* WHAT YOU ARE ASKED TO DO
The entries below should be quoted exactly, with no pictures carried over.

* DATA FOR THE TASK
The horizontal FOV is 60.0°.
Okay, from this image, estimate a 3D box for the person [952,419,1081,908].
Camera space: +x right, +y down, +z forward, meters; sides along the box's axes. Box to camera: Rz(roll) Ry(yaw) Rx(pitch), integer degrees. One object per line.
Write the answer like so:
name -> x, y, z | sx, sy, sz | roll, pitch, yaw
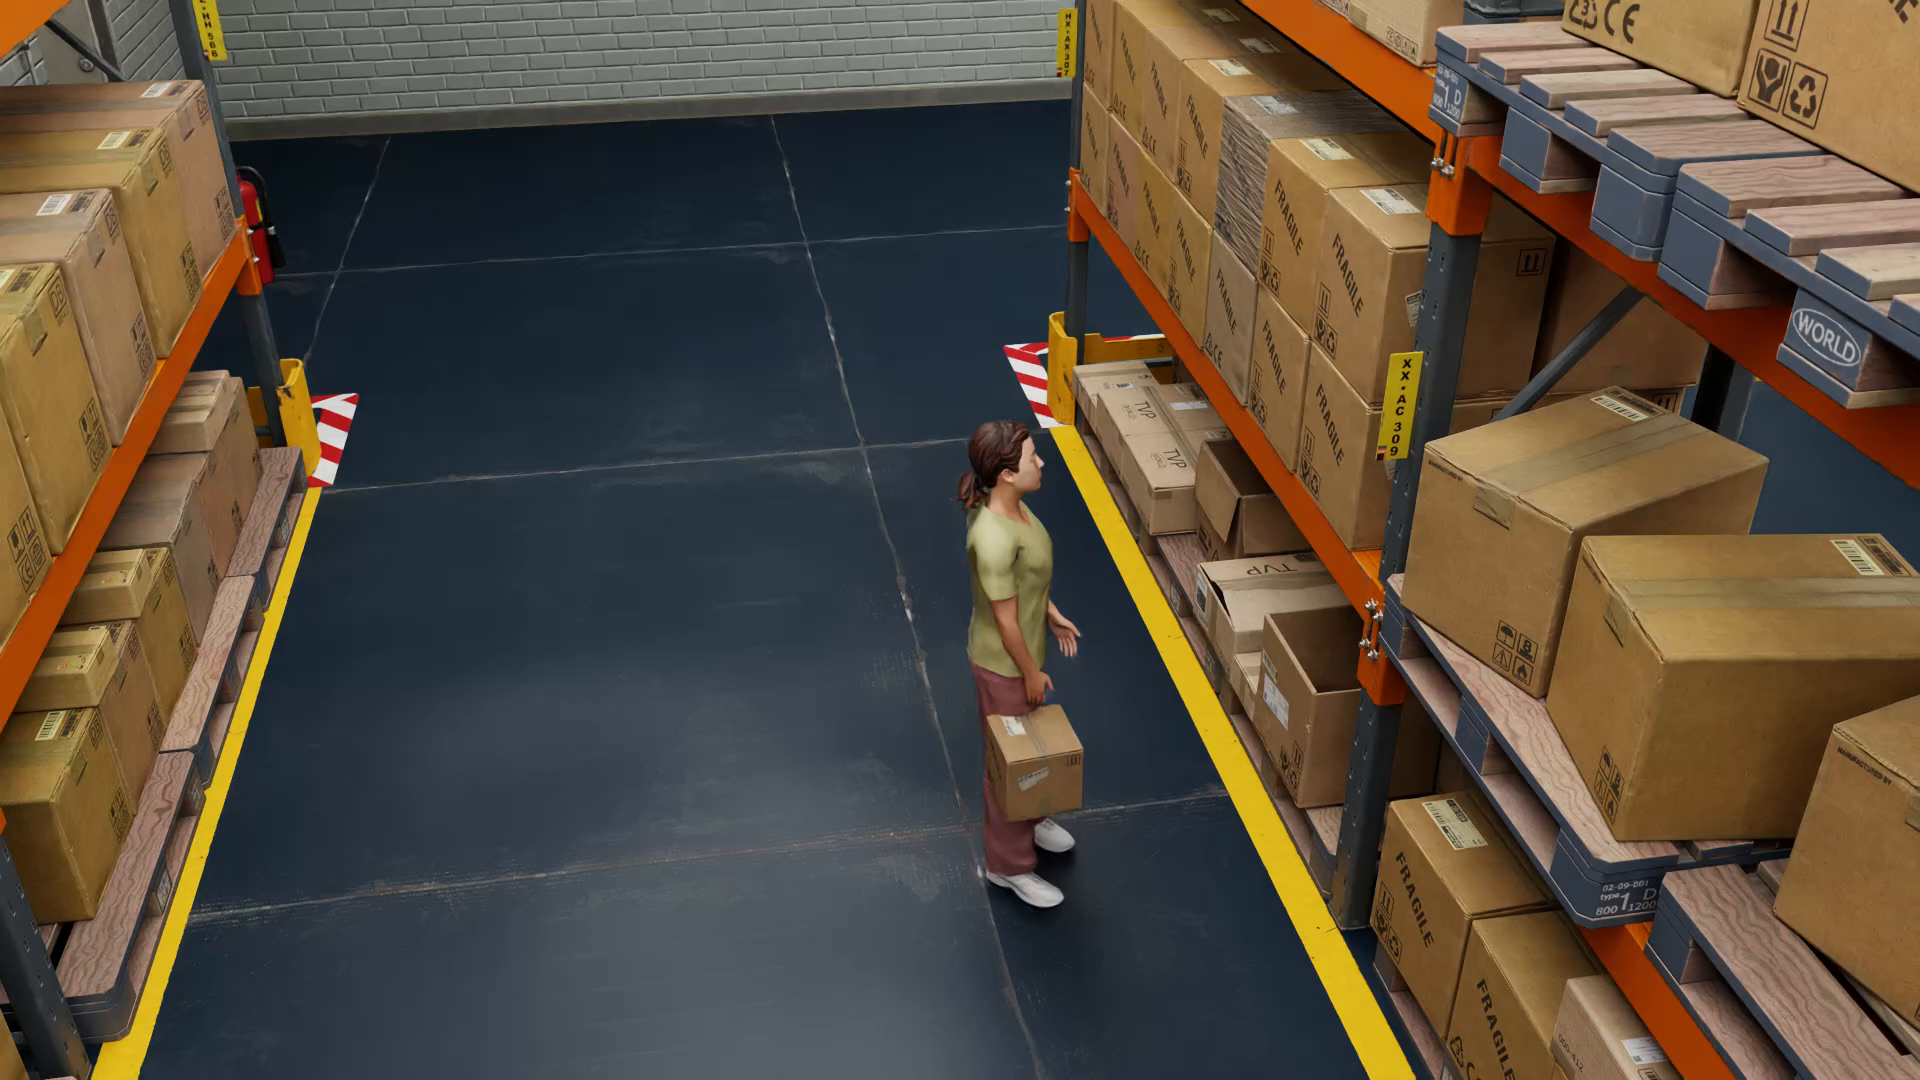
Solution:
person -> 0.187, 0.398, 5.431 | 0.433, 1.684, 0.526 | 2, 31, 3

* WRITTEN SOLUTION
The horizontal FOV is 60.0°.
Okay, from this image, estimate a 3D box for the person [952,419,1081,908].
Camera space: +x right, +y down, +z forward, meters; sides along the box's axes. Box to camera: Rz(roll) Ry(yaw) Rx(pitch), integer degrees. One object per line.
Write the answer like so:
name -> x, y, z | sx, sy, sz | roll, pitch, yaw
Solution:
person -> 0.187, 0.398, 5.431 | 0.433, 1.684, 0.526 | 2, 31, 3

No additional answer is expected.